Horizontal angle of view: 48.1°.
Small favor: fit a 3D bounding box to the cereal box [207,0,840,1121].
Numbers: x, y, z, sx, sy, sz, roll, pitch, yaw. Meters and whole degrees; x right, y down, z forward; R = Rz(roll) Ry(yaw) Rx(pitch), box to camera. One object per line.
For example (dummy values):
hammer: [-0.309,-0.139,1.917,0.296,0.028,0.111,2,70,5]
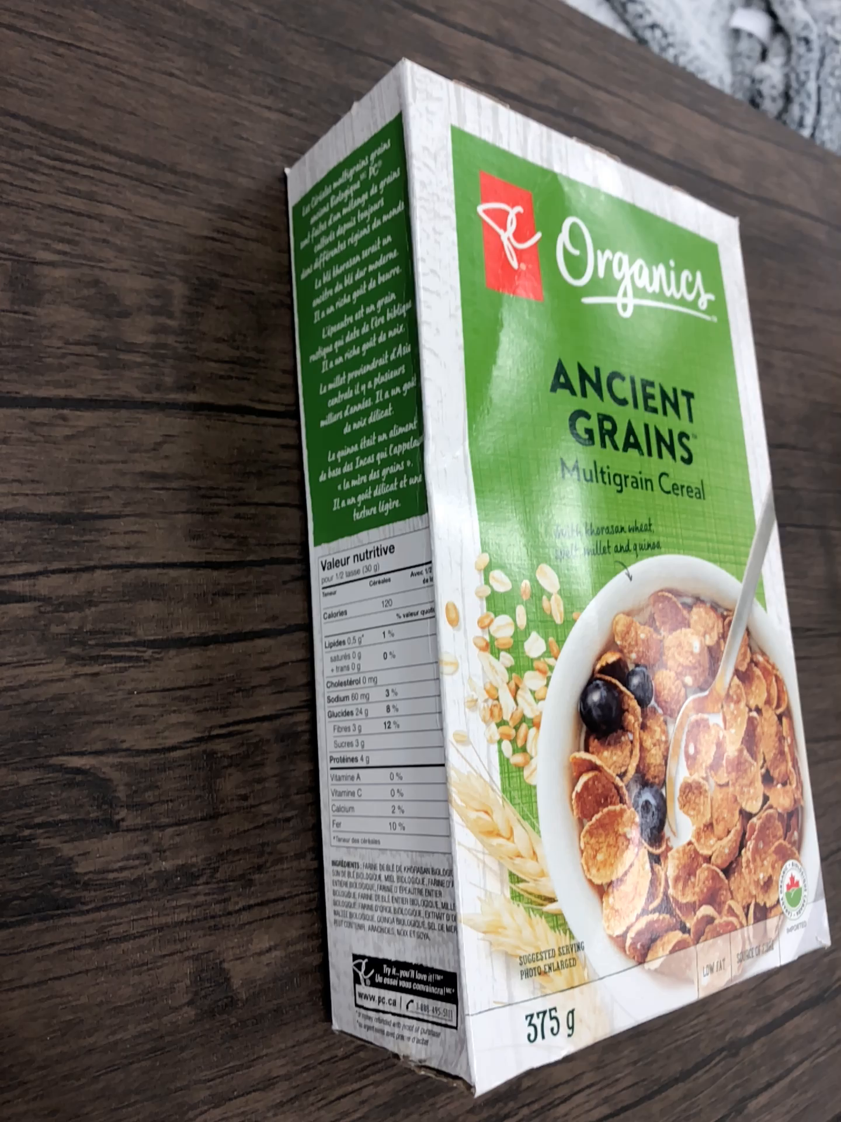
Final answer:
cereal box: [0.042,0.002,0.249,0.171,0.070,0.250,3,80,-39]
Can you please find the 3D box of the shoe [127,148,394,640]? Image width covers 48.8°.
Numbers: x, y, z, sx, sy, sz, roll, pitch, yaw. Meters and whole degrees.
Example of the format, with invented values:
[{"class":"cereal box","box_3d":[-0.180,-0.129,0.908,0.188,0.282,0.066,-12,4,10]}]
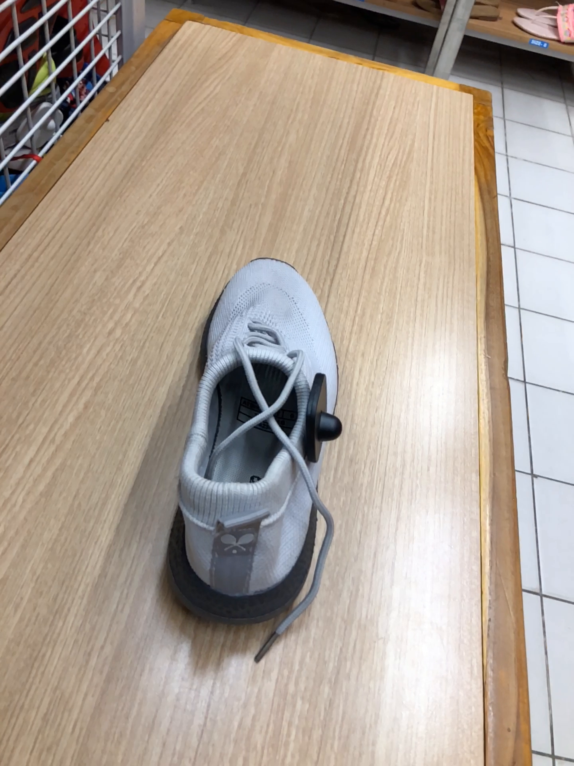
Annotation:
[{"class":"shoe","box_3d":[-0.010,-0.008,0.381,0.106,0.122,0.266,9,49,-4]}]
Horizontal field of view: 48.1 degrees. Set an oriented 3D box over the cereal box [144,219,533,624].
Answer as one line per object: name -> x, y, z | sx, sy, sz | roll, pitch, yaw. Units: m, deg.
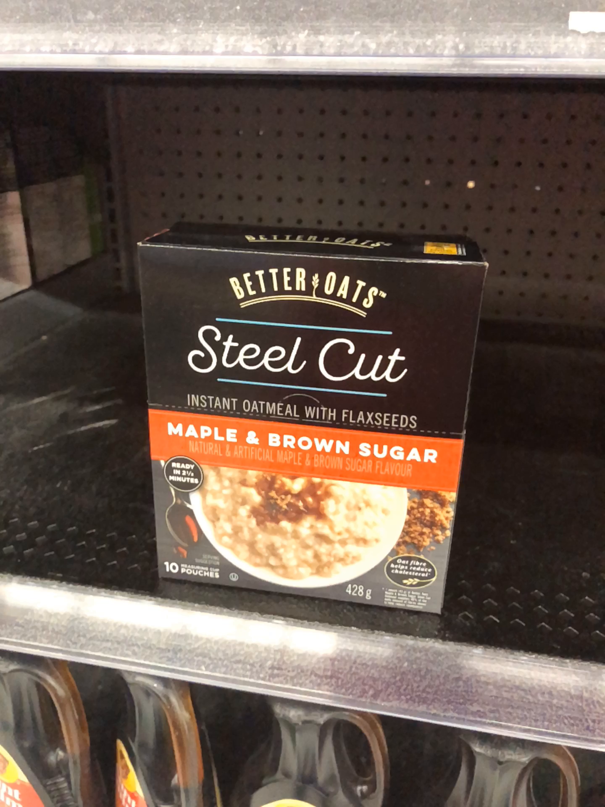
__________________________________________________
WHAT YOU NEED TO DO:
Every line of the listing that includes "degrees" must be shown.

EXERCISE OUTPUT:
Numbers: x, y, z, sx, sy, sz, roll, pitch, yaw. Meters and whole degrees; x right, y down, z forward; R = Rz(roll) Ry(yaw) Rx(pitch), box to camera. One object per line.
Numbers: x, y, z, sx, sy, sz, roll, pitch, yaw. Meters and whole degrees.
Horizontal field of view: 48.1 degrees. Set an oriented 3D box over the cereal box [144,219,533,624].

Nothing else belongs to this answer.